#### Exercise description
Your answer is the lines from the one that has "Repeat for the plant" through the last line of the records below, retyped exactly and alone.

Saved data entries

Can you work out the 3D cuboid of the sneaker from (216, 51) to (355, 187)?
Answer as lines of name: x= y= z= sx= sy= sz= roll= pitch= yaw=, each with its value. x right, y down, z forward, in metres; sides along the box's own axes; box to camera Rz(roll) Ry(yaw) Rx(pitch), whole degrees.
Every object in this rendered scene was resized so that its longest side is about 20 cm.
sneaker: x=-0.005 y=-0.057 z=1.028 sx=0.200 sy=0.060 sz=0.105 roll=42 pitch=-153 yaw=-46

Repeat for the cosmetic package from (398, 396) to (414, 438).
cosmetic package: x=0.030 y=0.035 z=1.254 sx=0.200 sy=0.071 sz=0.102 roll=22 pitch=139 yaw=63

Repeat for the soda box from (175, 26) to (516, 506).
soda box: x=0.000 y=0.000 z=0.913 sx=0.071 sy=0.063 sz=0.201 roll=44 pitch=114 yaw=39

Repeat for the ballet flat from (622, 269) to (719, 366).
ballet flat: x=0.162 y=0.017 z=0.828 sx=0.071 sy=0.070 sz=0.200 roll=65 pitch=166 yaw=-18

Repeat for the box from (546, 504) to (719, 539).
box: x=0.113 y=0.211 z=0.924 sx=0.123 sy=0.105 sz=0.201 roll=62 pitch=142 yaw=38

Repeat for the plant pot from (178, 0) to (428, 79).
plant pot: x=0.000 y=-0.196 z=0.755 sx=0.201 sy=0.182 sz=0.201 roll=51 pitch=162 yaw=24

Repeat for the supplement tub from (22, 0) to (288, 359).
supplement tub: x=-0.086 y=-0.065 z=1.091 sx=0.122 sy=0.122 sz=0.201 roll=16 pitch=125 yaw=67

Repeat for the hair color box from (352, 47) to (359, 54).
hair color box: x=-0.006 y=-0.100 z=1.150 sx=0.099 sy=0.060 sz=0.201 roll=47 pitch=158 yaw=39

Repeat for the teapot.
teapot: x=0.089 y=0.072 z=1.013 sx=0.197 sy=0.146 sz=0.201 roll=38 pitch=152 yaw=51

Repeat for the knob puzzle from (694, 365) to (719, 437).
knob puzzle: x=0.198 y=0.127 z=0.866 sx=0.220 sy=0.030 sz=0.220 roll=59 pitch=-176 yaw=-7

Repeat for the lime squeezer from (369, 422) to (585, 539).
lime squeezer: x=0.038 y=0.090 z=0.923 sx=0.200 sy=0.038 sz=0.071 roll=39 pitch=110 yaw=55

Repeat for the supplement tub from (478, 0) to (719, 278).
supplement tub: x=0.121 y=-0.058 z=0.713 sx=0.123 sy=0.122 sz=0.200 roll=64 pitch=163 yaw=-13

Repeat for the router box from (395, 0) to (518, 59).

#### Expected answer
Repeat for the plant pot from (178, 0) to (428, 79).
plant pot: x=0.000 y=-0.196 z=0.755 sx=0.201 sy=0.182 sz=0.201 roll=51 pitch=162 yaw=24

Repeat for the supplement tub from (22, 0) to (288, 359).
supplement tub: x=-0.086 y=-0.065 z=1.091 sx=0.122 sy=0.122 sz=0.201 roll=16 pitch=125 yaw=67

Repeat for the hair color box from (352, 47) to (359, 54).
hair color box: x=-0.006 y=-0.100 z=1.150 sx=0.099 sy=0.060 sz=0.201 roll=47 pitch=158 yaw=39

Repeat for the teapot.
teapot: x=0.089 y=0.072 z=1.013 sx=0.197 sy=0.146 sz=0.201 roll=38 pitch=152 yaw=51

Repeat for the knob puzzle from (694, 365) to (719, 437).
knob puzzle: x=0.198 y=0.127 z=0.866 sx=0.220 sy=0.030 sz=0.220 roll=59 pitch=-176 yaw=-7

Repeat for the lime squeezer from (369, 422) to (585, 539).
lime squeezer: x=0.038 y=0.090 z=0.923 sx=0.200 sy=0.038 sz=0.071 roll=39 pitch=110 yaw=55

Repeat for the supplement tub from (478, 0) to (719, 278).
supplement tub: x=0.121 y=-0.058 z=0.713 sx=0.123 sy=0.122 sz=0.200 roll=64 pitch=163 yaw=-13

Repeat for the router box from (395, 0) to (518, 59).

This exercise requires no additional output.